HCC further argues that the settlement did not constitute a loss because the settlement merely redistributed assets among different classes of Sprint shareholders. Relying heavily on the now partially reversed and remanded decision of Genzyme Corp. v. Fed. Ins. Co., 657 F. Supp. 2d 282 (D. Mass. 2009), rev'd in part and remanded, 2010 U.S. App. LEXIS 21079, Case No. 09-2485 (1st Cir. Oct. 13, 2010), HCC asserts that because the company incurs no loss of assets due to the recalibration, there is nothing for an insurer to indemnify. Such an assertion ignores axiomatic corporate law: a corporation and its shareholders are distinct entities, Dole Food Co. v. Patrickson, 538 U.S. 468, 474 (2003), meaning that a corporation does not benefit by making a cash payment to a subset of its shareholders. Moreover, in a typical securities fraud suit, plaintiffs allege that one group of shareholders — i.e., those who purchased shares during a period when the share-price was artificially inflated due to the alleged misrepresentation — were harmed at the expense of another group of shareholders — i.e., those who sold shares during the same time period. See, e.g., Dura Pharms., Inc. v. Broudo, 544 U.S. 336 (2005). The mere fact that a securities settlement results in a transfer from a corporation to a subset of its shareholders does not mean that the settlement fails to qualify as a "loss" to the corporation. If that were the case, as the First Circuit aptly noted, it would be "impossible to secure coverage for damages awards in routine securities litigation that charges the corporation with unfair or unlawful treatment of a class of securities holders." Genzyme Corp., 2010 U.S. App. LEXIS 21079, at *18-19.

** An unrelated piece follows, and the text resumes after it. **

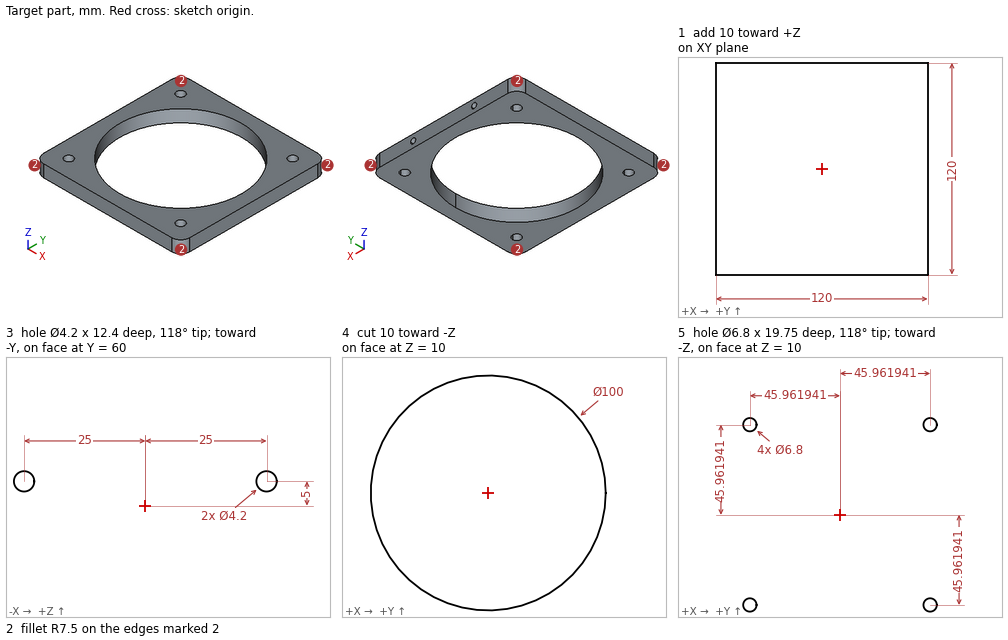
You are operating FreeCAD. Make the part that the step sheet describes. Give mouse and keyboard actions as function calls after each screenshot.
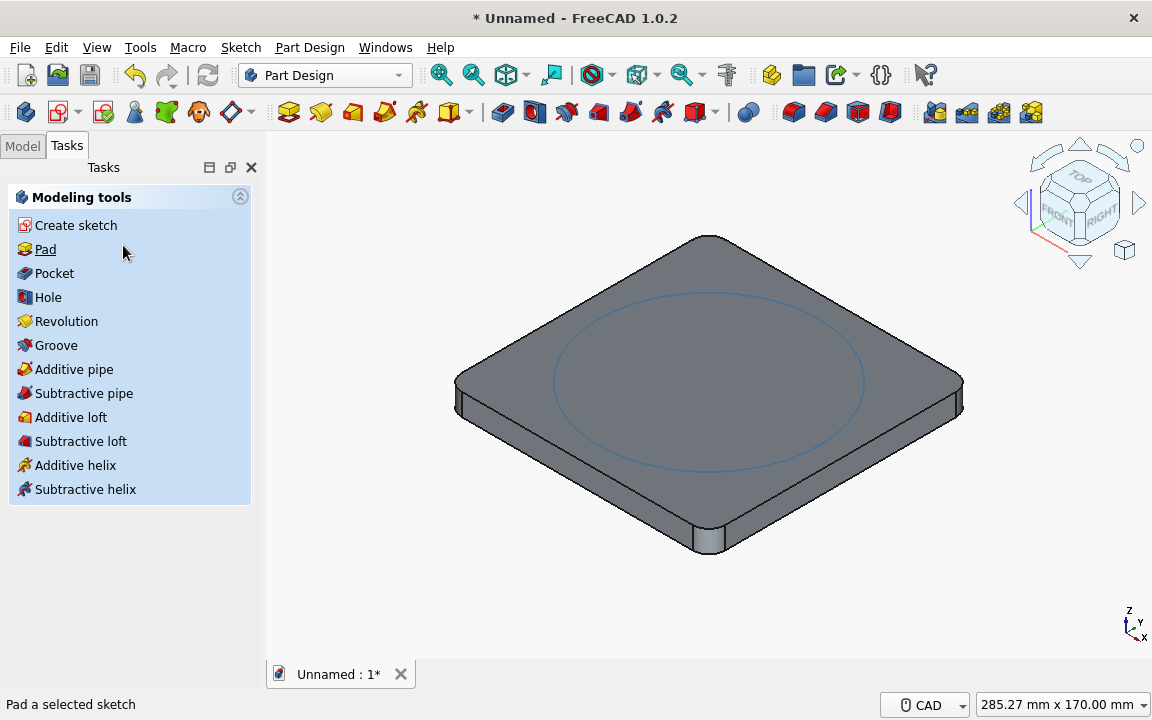
click(504, 112)

Thus, for HCC to succeed in its argument, it must demonstrate that the loss is uninsurable as a matter of Kansas public policy. HCC argues that Sprint should reimburse HCC for its payment of the Garco settlement because the payment violates two public policies: 1) insurance companies should not insure non-fortuitous events, and 2) insurance companies should not insure preexisting corporate obligations.

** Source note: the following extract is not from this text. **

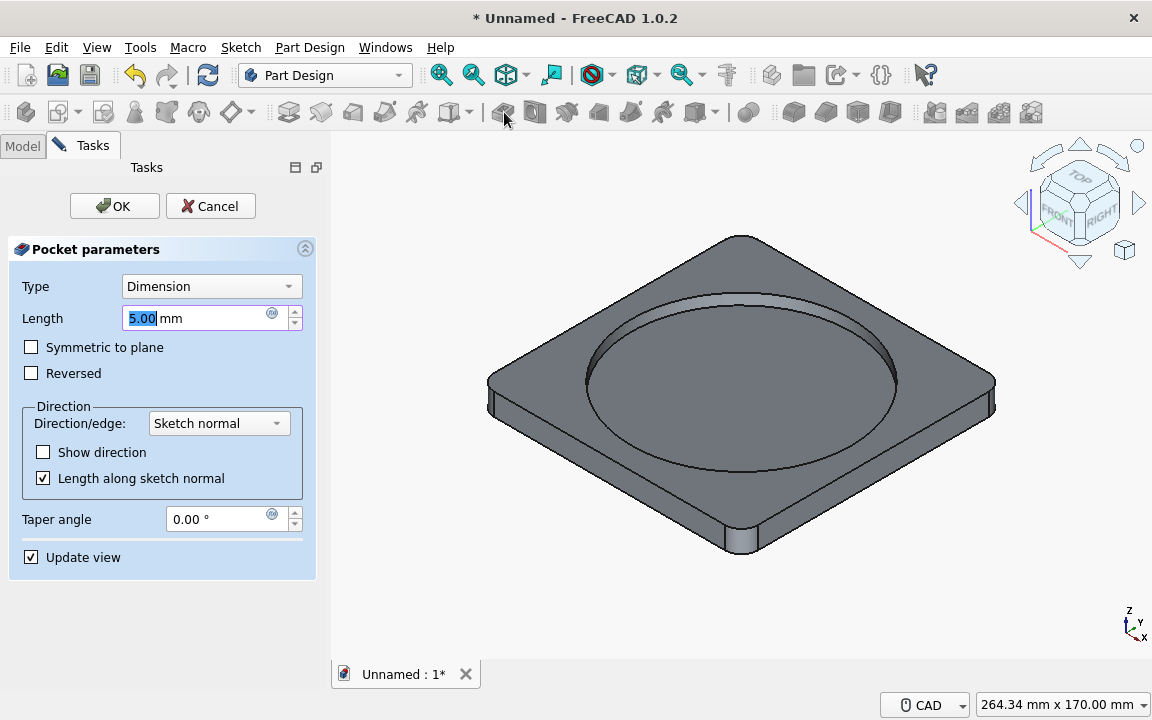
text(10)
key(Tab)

Because this Court's subject matter jurisdiction rests on its diversity jurisdiction, this Court must "rule upon state law as it exists and [should] not surmise or suggest its expansion." St. Paul Fire Marine Ins. Co. v. Jacobson, 48 F.3d 778, 783 (4th Cir. 1995). Thus, this Court will "not create or expand [a] State's public policy," but instead will "ascertain and apply the law of State as it exists." Id. "Absent a clear and dominant articulation of [a] policy by the [state] herself, it would be improper for a federal court to deny insurance coverage on public policy grounds." See id. Kansas courts recognize that "the declaration of a public policy is primarily a legislative function." O'Bryan v. Columbia Ins. Group, 56 P.3d 789, 792 (Kan. 2002). For this reason, a purported public policy must "be so thoroughly established as a state of public mind so united and so definite and fixed that its existence is not subject to any substantial doubt" before it may be recognized by a court. Palmer v. Brown, 752 P.2d 685, 687-88 (Kan. 1988) (quoting Noel v. Menninger Foundation, 175 P.2d 751, 760 (Kan. 1954)). The impact of any public policy on a contract "must be measured by Kansas policy as it existed when the insurance policy was issued." S. Am. Ins. v. Gabbert-Jones, Inc., 769 P.2d 1194, 1198 (Kan. App. 1989).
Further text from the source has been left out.